Bleek dus dat mijn portofoon zó krakerig doorkwam, dat hij hoorde hoe ik hen uitschold voor bijdehand.
Tja, met mijn Limburgse tongval in het hoge noorden, over een krakende porto, kan het zijn dat beide Hansen vervormt tot bijdehandten. We konden er achteraf smakelijk om lachen. Het was een chaos, en ik heb er best wel van gesmuld.
Hulde aan de regie voor hun geduld, hun rust en hun professionaliteit. Hulde aan mijn collega's voor hun vermogen om blijmoedig om te gaan met een project dat op zijn zachtst gezegd niet genoeg getest was.

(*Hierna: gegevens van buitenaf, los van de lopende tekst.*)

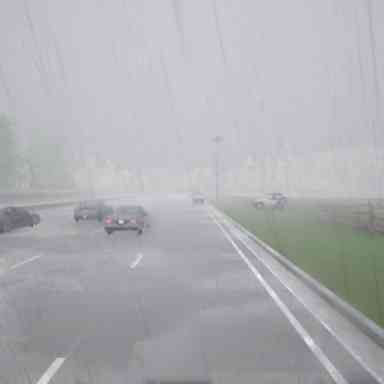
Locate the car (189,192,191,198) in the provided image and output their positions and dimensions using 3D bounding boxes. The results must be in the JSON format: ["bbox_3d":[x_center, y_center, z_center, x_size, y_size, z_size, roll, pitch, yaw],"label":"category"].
[{"bbox_3d":[1.068,0.908,70.510,2.150,2.045,5.566,0,0,0],"label":"car"}]

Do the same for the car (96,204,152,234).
[{"bbox_3d":[-3.395,1.464,18.431,2.033,1.411,5.357,0,0,0],"label":"car"}]

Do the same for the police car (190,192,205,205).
[{"bbox_3d":[1.064,1.181,54.592,1.930,1.638,5.238,0,0,0],"label":"police car"}]

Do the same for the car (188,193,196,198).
[{"bbox_3d":[0.025,1.007,90.018,1.895,1.301,4.718,0,0,0],"label":"car"}]

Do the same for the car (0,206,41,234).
[{"bbox_3d":[-10.396,1.465,18.444,2.033,1.411,5.357,0,0,0],"label":"car"}]

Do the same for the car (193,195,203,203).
[{"bbox_3d":[1.067,1.237,64.482,1.812,1.442,4.674,0,0,0],"label":"car"}]

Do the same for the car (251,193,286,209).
[{"bbox_3d":[8.932,1.040,38.483,3.866,1.878,1.905,0,0,0],"label":"car"}]

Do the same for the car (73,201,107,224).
[{"bbox_3d":[-6.894,1.384,23.828,2.128,1.511,4.902,0,0,0],"label":"car"}]
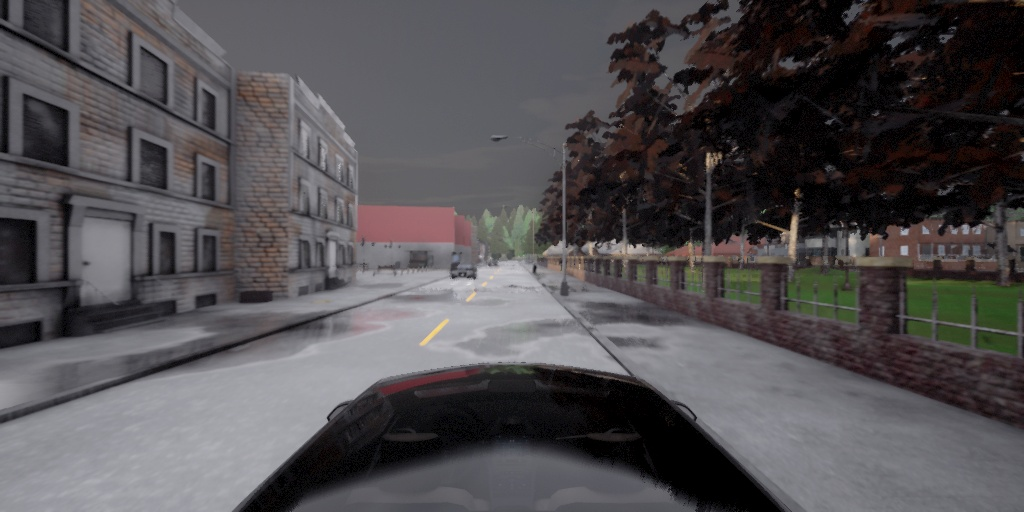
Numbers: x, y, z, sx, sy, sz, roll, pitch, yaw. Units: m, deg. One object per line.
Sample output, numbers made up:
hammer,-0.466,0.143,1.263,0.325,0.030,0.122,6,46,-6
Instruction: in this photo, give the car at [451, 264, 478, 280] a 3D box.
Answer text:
car,-4.056,1.353,31.327,1.994,1.385,4.181,0,0,0
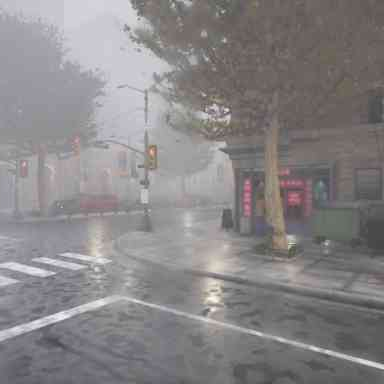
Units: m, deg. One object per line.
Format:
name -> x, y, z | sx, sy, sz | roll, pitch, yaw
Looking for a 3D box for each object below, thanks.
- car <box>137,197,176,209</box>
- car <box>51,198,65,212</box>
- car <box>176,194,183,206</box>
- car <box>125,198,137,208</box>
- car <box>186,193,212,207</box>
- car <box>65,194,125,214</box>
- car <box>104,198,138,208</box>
car -> -4.671, 1.526, 44.172 | 1.812, 1.442, 4.674 | 0, 0, 36
car -> -13.258, 1.221, 38.265 | 2.150, 2.045, 5.566 | 0, 0, 36
car -> -0.907, 1.221, 55.341 | 2.150, 2.045, 5.566 | 0, 0, 36
car -> -7.158, 1.491, 46.705 | 2.128, 1.511, 4.902 | 0, 0, 36
car -> 1.276, 1.352, 52.384 | 2.097, 1.767, 4.553 | 0, 0, 36
car -> -10.420, 1.221, 36.218 | 2.150, 2.045, 5.566 | 0, 0, 36
car -> -10.178, 1.595, 47.908 | 1.895, 1.301, 4.718 | 0, 0, 36
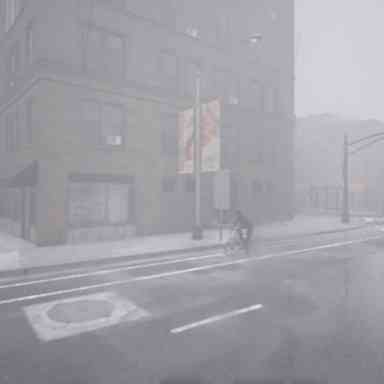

Onze bussen zijn officieël, af-fabriek gemaakt voor 80 mensen. Nu weiger ik te geloven dat de fabrikant 80 mensen inclusief handbagage (dat is een rekbaar begrip, gezien de vele koffers huisraad die ik mensen zie meeslepen) bedoelde. En ik geloof ook niet dat de fabrikant 80 grote Europeanen als passagier in gedachten had, maar goed. Volgens de papieren zouden er 80 mensen in moeten passen.
Met 50 mensen en hun halve huisraad vind ik het persoonlijk al niet te beren zo vol, gelukkig komt dat zelden voor.
Veel vaker komt het voor dat mensen vinden dat het met 30 passagiers al vol is, en dat zij toch echt voor in de bus moeten staan, het liefst zó dat ik met geen mogelijkheid zonder geweld achter mijn stuur kan kruipen. Het liefst zó dat ik tegen allemaal verweerde of minder aantrekkelijke koppen moet kijken, in plaats van mijn spiegel, of nog veel basaler, mijn rechter zijdeur.
Als zoiets gebeurt, wijs ik meestal één van die mensen aan als vervangende chauffeur, want ze staan zo dicht op mijn stoel, dat ze er evengoed kunnen gaan zitten. En als ze er toch zitten, kunnen ze evengoed ook wel rijden, ik zou ze al doende de kneepjes van het vak wel bijbrengen.
Met die kwinkslag snappen de meeste mensen wel dat ze moeten inschikken. Gniffelend lopen ze naar achteren en ik kan ze wegbrengen naar waar ze dan ook moeten zijn. No harm, no foul.
Het komt ook wel eens voor dat ik mijn strenge gezicht op moet zetten. Dan wijs ik de mensen erop dat die bus gemaakt is voor 80 mensen, en dat die met 45 nog echt niet vol is.
De man die weigerde plaats te maken, deed dat met als reden dat we toch wel heel erg voorzichtig moesten zijn met zijn oude vader.
Tja, als die oude vader niet in staat is om een rit van 5 minuten te doorstaan, had hij met de assistentie een afspraak moeten maken, maar dát is een ander verhaal. Ik zei dat ik zeer voorzichtig zou zijn, maar dat ik toch achter mijn stuur moest kruipen, om uberhaupt te kunnen beginnen met een veilige rit.
Toen ik ein-de-lijk eenmaal achter mijn stuur was beland (ik moest me alsnog langs allemaal lijven wringen en had nog steeds geen zicht naar rechts omdat dat geblokkeerd werd door minimaal twee lijven), kreeg ik wederom te horen dat we voorzichtig moesten zijn. Ik zei hierop maar dat er helemaal geen risico was op ellende, omdat ik zou blijven stilstaan tot ik goed zicht naar buiten had. Dus voorzichtiger dan dát zou ik het voor de beste man toch echt niet kunnen maken.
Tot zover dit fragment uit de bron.